Avrupa Sendikalar Konfederasyonu Türkiye Cumhurbaşkanı'nın Türkiye'nin İstanbul Sözleşmesi'ndeki imzasını geri çekme kararı geriye gidiş noktasında çok ciddi bir adım olarak niteledi.
ETUC hükümete bu kararını gözden geçirme, kadınların, kızların ve de tüm yurttaşlarının insan haklarını korumaya dair uluslararası yükümlülüklerini tekrardan teyit etme çağrısında bulundu.
ETUC Genel Sekreter Yardımcısı Esther Lynch, çağrıyı şu sözlerle yaptı:
"Geleceğe dair umutlara darbe"
"Bu karar Türkiye'deki kadınların haklarına ve (geleceğe dair) umutlarına yönelik ağır bir darbedir, ve kadınların şiddetten korunması, kadına yönelik şiddetin önlenmesine dair politika ile hizmetleri belirlemesi gereken yetkililere yönelik gözetimi azalacaktır.
2019'da sadece Türkiye'de en az 430 kadın cinayeti yaşandı. COVID-19 pandemisi ev içi şiddetin tüm dünyada inkar edilemez bir biçimde artmasına yol açtı.
Bu karar Türkiye'deki kadınlar ve kızlar için çok ağır bir sürece işaret etmektedir.
BM Kadının Statüsü Komisyonunun devam ettiği sırada böyle bir kararın duyurulması bilinçli bir provokasyondur ve uluslararası işbirliğine yönelik yeni bir muhafazakar saldırıyı temsil etmektedir."

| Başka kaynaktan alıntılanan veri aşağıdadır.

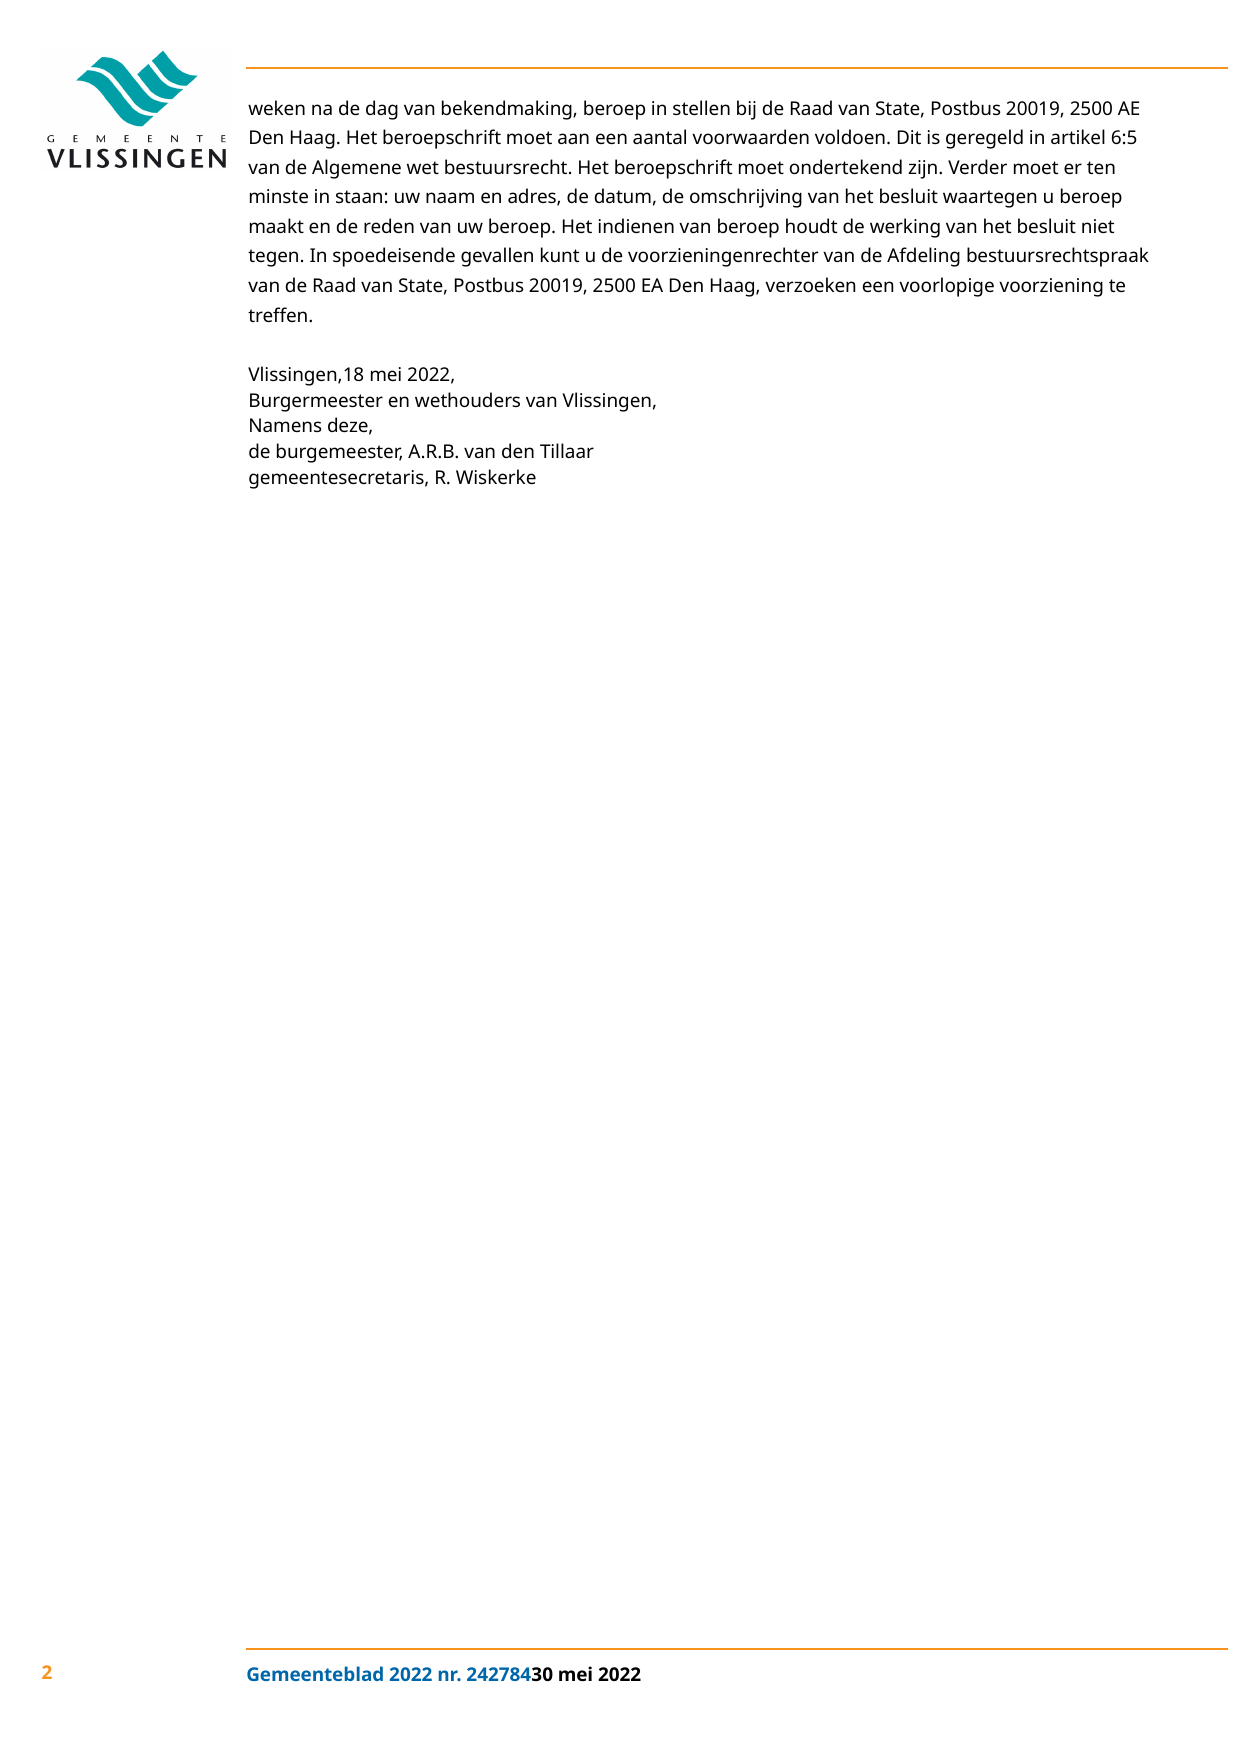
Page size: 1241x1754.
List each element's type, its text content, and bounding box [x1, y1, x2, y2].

picture [41, 47, 231, 172]
text weken na de dag van bekendmaking, beroep in stellen bij de Raad van State, Postbus 20019, 2500 AE Den Haag. Het beroepschrift moet aan een aantal voorwaarden voldoen. Dit is geregeld in artikel 6:5 van de Algemene wet bestuursrecht. Het beroepschrift moet ondertekend zijn. Verder moet er ten minste in staan: uw naam en adres, de datum, de omschrijving van het besluit waartegen u beroep maakt en de reden van uw beroep. Het indienen van beroep houdt de werking van het besluit niet tegen. In spoedeisende gevallen kunt u de voorzieningenrechter van de Afdeling bestuursrechtspraak van de Raad van State, Postbus 20019, 2500 EA Den Haag, verzoeken een voorlopige voorziening te treffen. [248, 95, 1152, 328]
text Vlissingen,18 mei 2022, [248, 361, 1152, 387]
text de burgemeester, A.R.B. van den Tillaar [248, 438, 1152, 464]
text Burgermeester en wethouders van Vlissingen, [248, 387, 1152, 412]
text Namens deze, [248, 412, 1152, 438]
text gemeentesecretaris, R. Wiskerke [248, 464, 1152, 490]
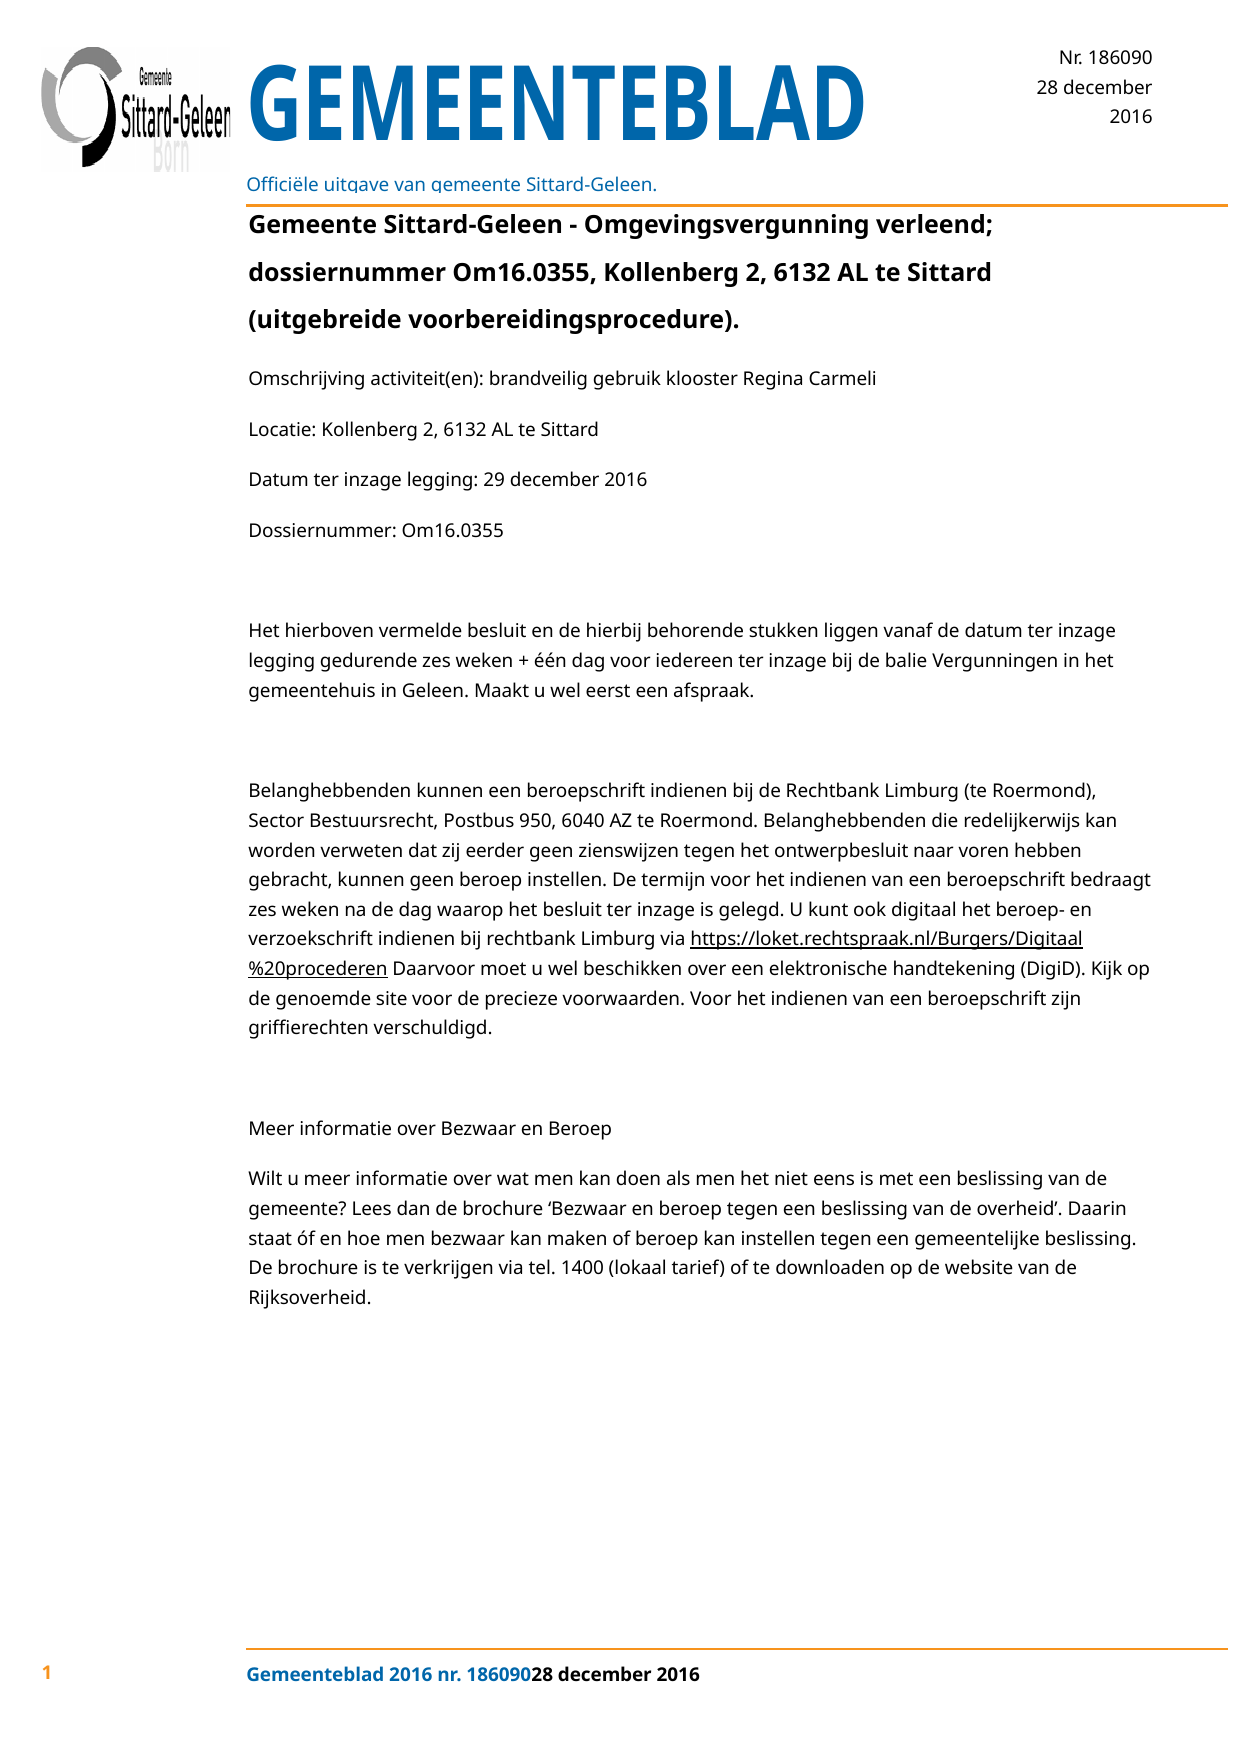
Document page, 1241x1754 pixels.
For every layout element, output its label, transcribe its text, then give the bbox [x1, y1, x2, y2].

text Wilt u meer informatie over wat men kan doen als men het niet eens is met een beslissing van de gemeente? Lees dan de brochure ‘Bezwaar en beroep tegen een beslissing van de overheid’. Daarin staat óf en hoe men bezwaar kan maken of beroep kan instellen tegen een gemeentelijke beslissing. De brochure is te verkrijgen via tel. 1400 (lokaal tarief) of te downloaden op de website van de Rijksoverheid. [248, 1166, 1152, 1309]
text Omschrijving activiteit(en): brandveilig gebruik klooster Regina Carmeli [248, 366, 1152, 391]
text Het hierboven vermelde besluit en de hierbij behorende stukken liggen vanaf de datum ter inzage legging gedurende zes weken + één dag voor iedereen ter inzage bij de balie Vergunningen in het gemeentehuis in Geleen. Maakt u wel eerst een afspraak. [248, 618, 1152, 702]
text Dossiernummer: Om16.0355 [248, 517, 1152, 542]
text Locatie: Kollenberg 2, 6132 AL te Sittard [248, 416, 1152, 442]
picture [41, 47, 231, 172]
text Datum ter inzage legging: 29 december 2016 [248, 466, 1152, 492]
text Gemeente Sittard-Geleen - Omgevingsvergunning verleend; dossiernummer Om16.0355, Kollenberg 2, 6132 AL te Sittard (uitgebreide voorbereidingsprocedure). [248, 207, 1152, 336]
text Belanghebbenden kunnen een beroepschrift indienen bij de Rechtbank Limburg (te Roermond), Sector Bestuursrecht, Postbus 950, 6040 AZ te Roermond. Belanghebbenden die redelijkerwijs kan worden verweten dat zij eerder geen zienswijzen tegen het ontwerpbesluit naar voren hebben gebracht, kunnen geen beroep instellen. De termijn voor het indienen van een beroepschrift bedraagt zes weken na de dag waarop het besluit ter inzage is gelegd. U kunt ook digitaal het beroep- en verzoekschrift indienen bij rechtbank Limburg via https://loket.rechtspraak.nl/Burgers/Digitaal%20procederen Daarvoor moet u wel beschikken over een elektronische handtekening (DigiD). Kijk op de genoemde site voor de precieze voorwaarden. Voor het indienen van een beroepschrift zijn griffierechten verschuldigd. [248, 778, 1152, 1040]
text Meer informatie over Bezwaar en Beroep [248, 1115, 1152, 1141]
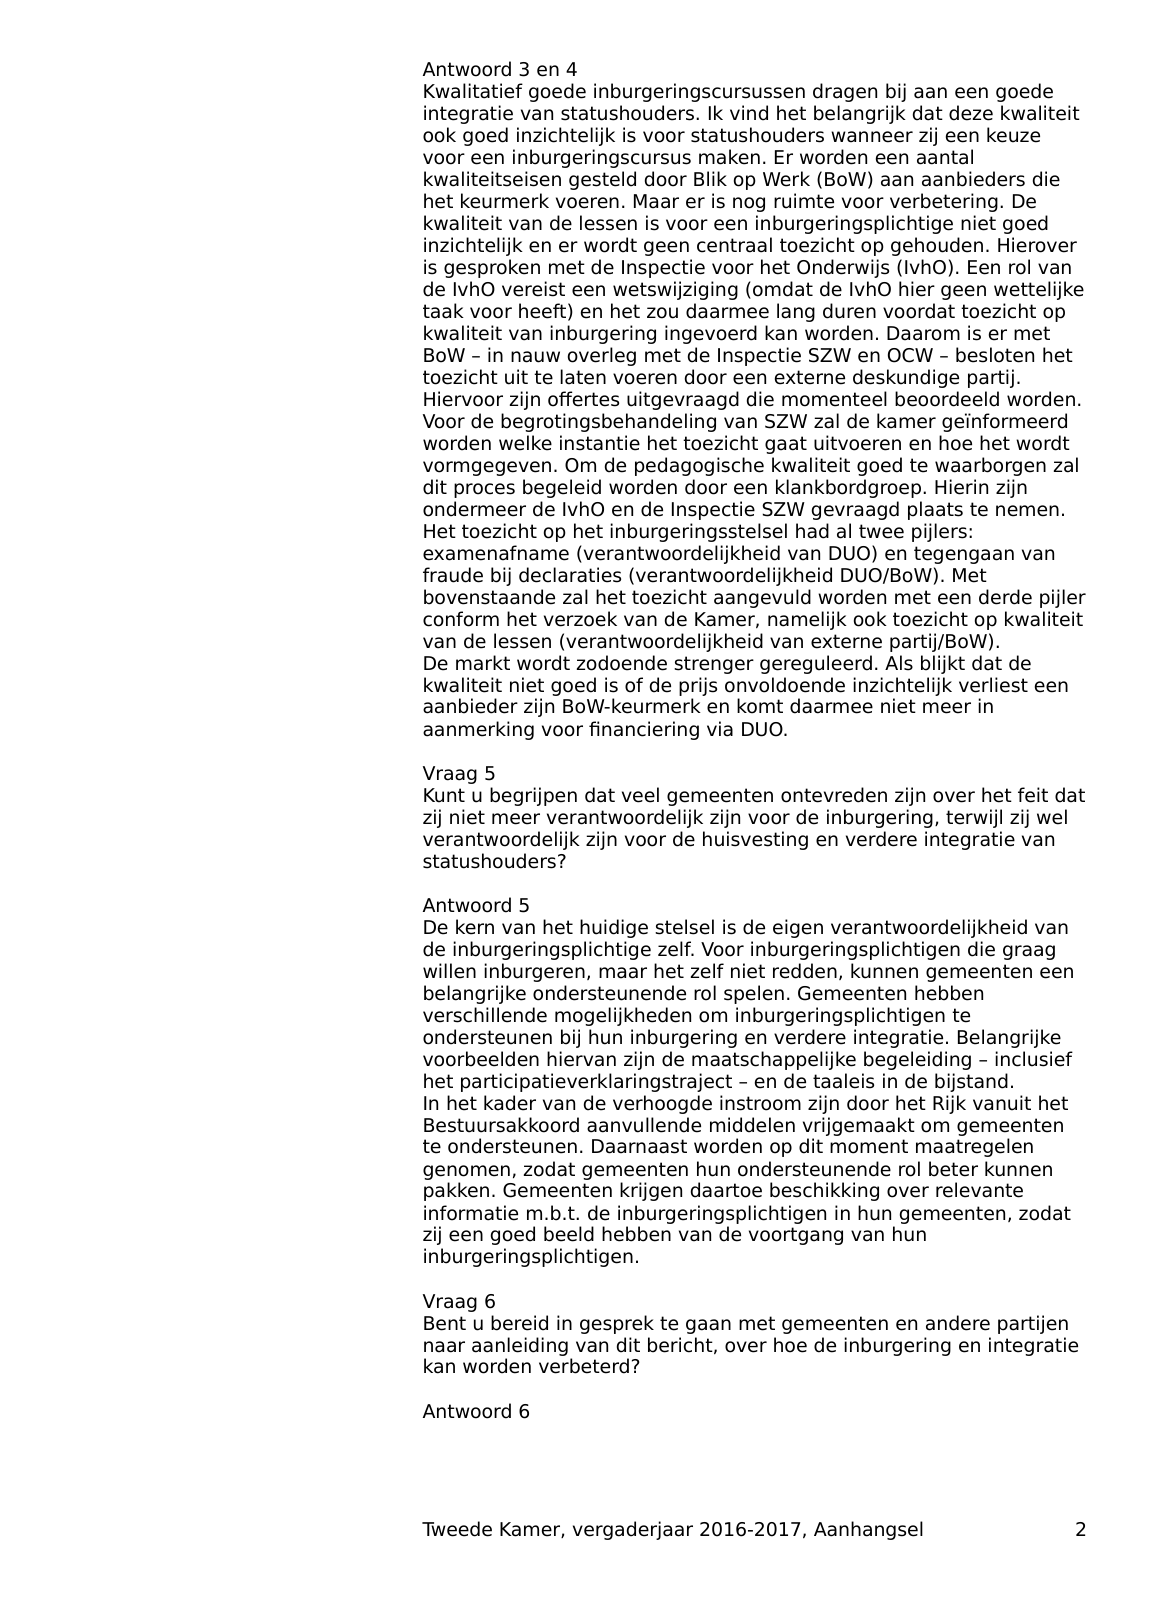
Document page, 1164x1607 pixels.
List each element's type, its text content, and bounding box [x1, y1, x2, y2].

text Vraag 6 [422, 1291, 1087, 1312]
text In het kader van de verhoogde instroom zijn door het Rijk vanuit het Bestuursakkoord aanvullende middelen vrijgemaakt om gemeenten te ondersteunen. Daarnaast worden op dit moment maatregelen genomen, zodat gemeenten hun ondersteunende rol beter kunnen pakken. Gemeenten krijgen daartoe beschikking over relevante informatie m.b.t. de inburgeringsplichtigen in hun gemeenten, zodat zij een goed beeld hebben van de voortgang van hun inburgeringsplichtigen. [422, 1092, 1087, 1268]
text De markt wordt zodoende strenger gereguleerd. Als blijkt dat de kwaliteit niet goed is of de prijs onvoldoende inzichtelijk verliest een aanbieder zijn BoW-keurmerk en komt daarmee niet meer in aanmerking voor financiering via DUO. [422, 652, 1087, 740]
text Antwoord 5 [422, 895, 1087, 917]
text Kunt u begrijpen dat veel gemeenten ontevreden zijn over het feit dat zij niet meer verantwoordelijk zijn voor de inburgering, terwijl zij wel verantwoordelijk zijn voor de huisvesting en verdere integratie van statushouders? [422, 784, 1087, 872]
text Antwoord 6 [422, 1401, 1087, 1423]
text De kern van het huidige stelsel is de eigen verantwoordelijkheid van de inburgeringsplichtige zelf. Voor inburgeringsplichtigen die graag willen inburgeren, maar het zelf niet redden, kunnen gemeenten een belangrijke ondersteunende rol spelen. Gemeenten hebben verschillende mogelijkheden om inburgeringsplichtigen te ondersteunen bij hun inburgering en verdere integratie. Belangrijke voorbeelden hiervan zijn de maatschappelijke begeleiding – inclusief het participatieverklaringstraject – en de taaleis in de bijstand. [422, 917, 1087, 1092]
text Bent u bereid in gesprek te gaan met gemeenten en andere partijen naar aanleiding van dit bericht, over hoe de inburgering en integratie kan worden verbeterd? [422, 1312, 1087, 1378]
text Het toezicht op het inburgeringsstelsel had al twee pijlers: examenafname (verantwoordelijkheid van DUO) en tegengaan van fraude bij declaraties (verantwoordelijkheid DUO/BoW). Met bovenstaande zal het toezicht aangevuld worden met een derde pijler conform het verzoek van de Kamer, namelijk ook toezicht op kwaliteit van de lessen (verantwoordelijkheid van externe partij/BoW). [422, 521, 1087, 652]
text Antwoord 3 en 4 [422, 59, 1087, 81]
text Kwalitatief goede inburgeringscursussen dragen bij aan een goede integratie van statushouders. Ik vind het belangrijk dat deze kwaliteit ook goed inzichtelijk is voor statushouders wanneer zij een keuze voor een inburgeringscursus maken. Er worden een aantal kwaliteitseisen gesteld door Blik op Werk (BoW) aan aanbieders die het keurmerk voeren. Maar er is nog ruimte voor verbetering. De kwaliteit van de lessen is voor een inburgeringsplichtige niet goed inzichtelijk en er wordt geen centraal toezicht op gehouden. Hierover is gesproken met de Inspectie voor het Onderwijs (IvhO). Een rol van de IvhO vereist een wetswijziging (omdat de IvhO hier geen wettelijke taak voor heeft) en het zou daarmee lang duren voordat toezicht op kwaliteit van inburgering ingevoerd kan worden. Daarom is er met BoW – in nauw overleg met de Inspectie SZW en OCW – besloten het toezicht uit te laten voeren door een externe deskundige partij. Hiervoor zijn offertes uitgevraagd die momenteel beoordeeld worden. Voor de begrotingsbehandeling van SZW zal de kamer geïnformeerd worden welke instantie het toezicht gaat uitvoeren en hoe het wordt vormgegeven. Om de pedagogische kwaliteit goed te waarborgen zal dit proces begeleid worden door een klankbordgroep. Hierin zijn ondermeer de IvhO en de Inspectie SZW gevraagd plaats te nemen. [422, 81, 1087, 521]
text Vraag 5 [422, 763, 1087, 784]

İstanbul Sözleşmesi hakkında
Tam adı “Kadınlara Yönelik Şiddet ve Aile İçi Şiddetin Önlenmesi ve Bunlarla Mücadeleye İlişkin Avrupa Konseyi Sözleşmesi” 11 Mayıs 2011'de İstanbul'da imzaya açıldı ve ilk imzalayan ülke Türkiye oldu. Sözleşme 1 Ağustos 2014'te yürürlüğe girdi.
Sözleşme, ''kadına yönelik şiddet'', ''aile içi şiddet'', ''kadına yönelik toplumsal cinsiyete dayalı şiddet'', ''kadın'' kavramlarını tanımlıyor.
Uluslararası alanda kadına yönelik ve aile içi şiddetle ilgili ilk bağlayıcı belge olma özelliğini taşıyan sözleşme şunları içeriyor:
İstanbul Sözleşmesi psikolojik şiddet, ısrarlı takip, fiziksel şiddet, tecavüz, zorla evlendirme, kadın sünneti, kürtaja zorlama, zorla kısırlaştırma, tecavüz ve taciz dahil cinsel şiddet olmak üzere kadına yönelik şiddetin tüm türlerini kapsıyor.
Sözleşme çerçevesinde eviçi şiddet, aynı evde yaşıyor olsun ya da olmasın mevcut ya da eski eş ya da partnerler arasında yaşanan her türlü şiddet edimini içerecek şekilde kadının korunmasını esas alıyor.
Kadınları konumlandırırken "aile" olmayı, evlilik birliği içinde bulunmayı ya da aynı evi paylaşıyor ya da paylaşmış bulunmayı gerektirmiyor.
Sözleşmenin getirdiği yükümlülükler öncelikle devlet görevlilerine yönelik. Devlet kendi adına hareket eden görevlilerinin İstanbul Sözleşmesi'nin gereklerini yerine getirmesini sağlamak zorunda.
Devletlerin sorumluluğu bununla sınırlı değil. Şiddeti gerçekleştiren ister kadının sevgilisi, ister kocası, ister babası, ister patronu olsun, yani kim olursa olsun şiddetin önlenmesi, soruşturulması, cezalandırılması, zararın tazmin edilmesi yükümlülüğü de devlete ait.